* Materials provided
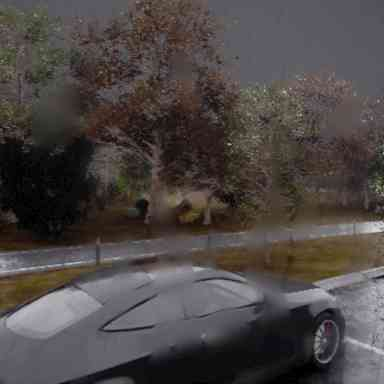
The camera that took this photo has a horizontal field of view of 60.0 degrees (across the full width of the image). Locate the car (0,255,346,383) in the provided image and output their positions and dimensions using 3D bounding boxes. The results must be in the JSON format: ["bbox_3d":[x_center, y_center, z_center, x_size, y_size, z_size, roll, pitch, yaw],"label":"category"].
[{"bbox_3d":[-0.107,1.515,3.992,4.674,1.452,2.002,-1,0,-35],"label":"car"}]
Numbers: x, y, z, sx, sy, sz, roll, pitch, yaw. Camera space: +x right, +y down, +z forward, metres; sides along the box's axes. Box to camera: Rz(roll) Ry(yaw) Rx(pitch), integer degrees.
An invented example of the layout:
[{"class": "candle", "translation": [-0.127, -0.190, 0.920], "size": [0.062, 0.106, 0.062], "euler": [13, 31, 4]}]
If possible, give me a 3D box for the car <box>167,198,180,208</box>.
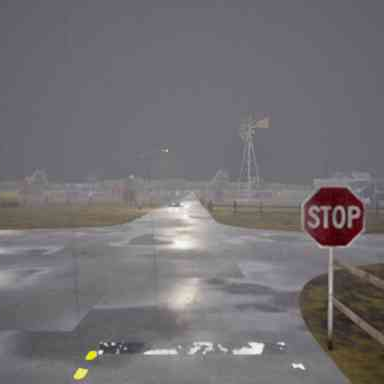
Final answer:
[{"class": "car", "translation": [-2.774, 1.664, 51.324], "size": [2.128, 1.511, 4.902], "euler": [0, 1, 0]}]
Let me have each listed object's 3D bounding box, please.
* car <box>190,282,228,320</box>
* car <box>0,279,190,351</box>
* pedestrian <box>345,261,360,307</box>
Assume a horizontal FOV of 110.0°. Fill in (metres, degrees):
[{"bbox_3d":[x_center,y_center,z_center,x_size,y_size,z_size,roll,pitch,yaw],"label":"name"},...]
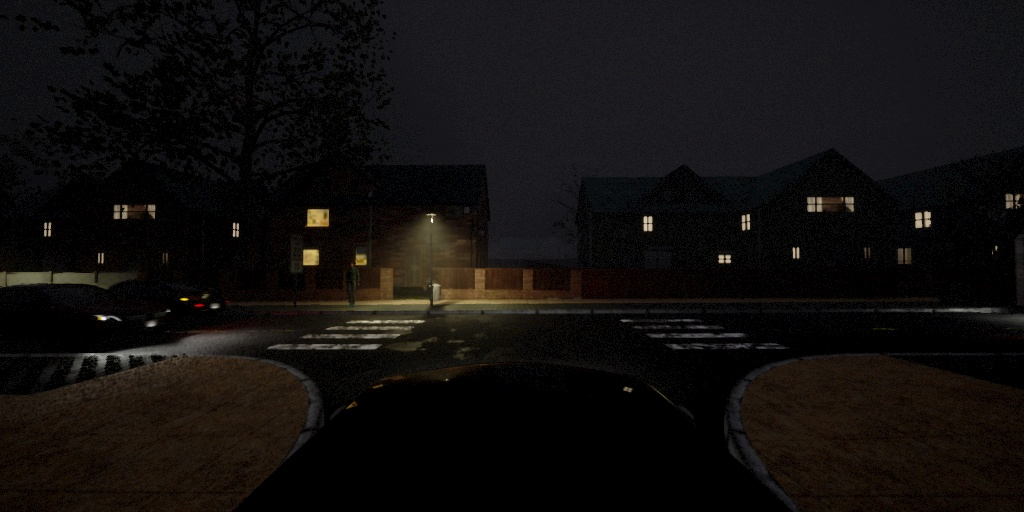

* Task description
Count of lines that include "metres" in the records above: write that value only.

* Response
2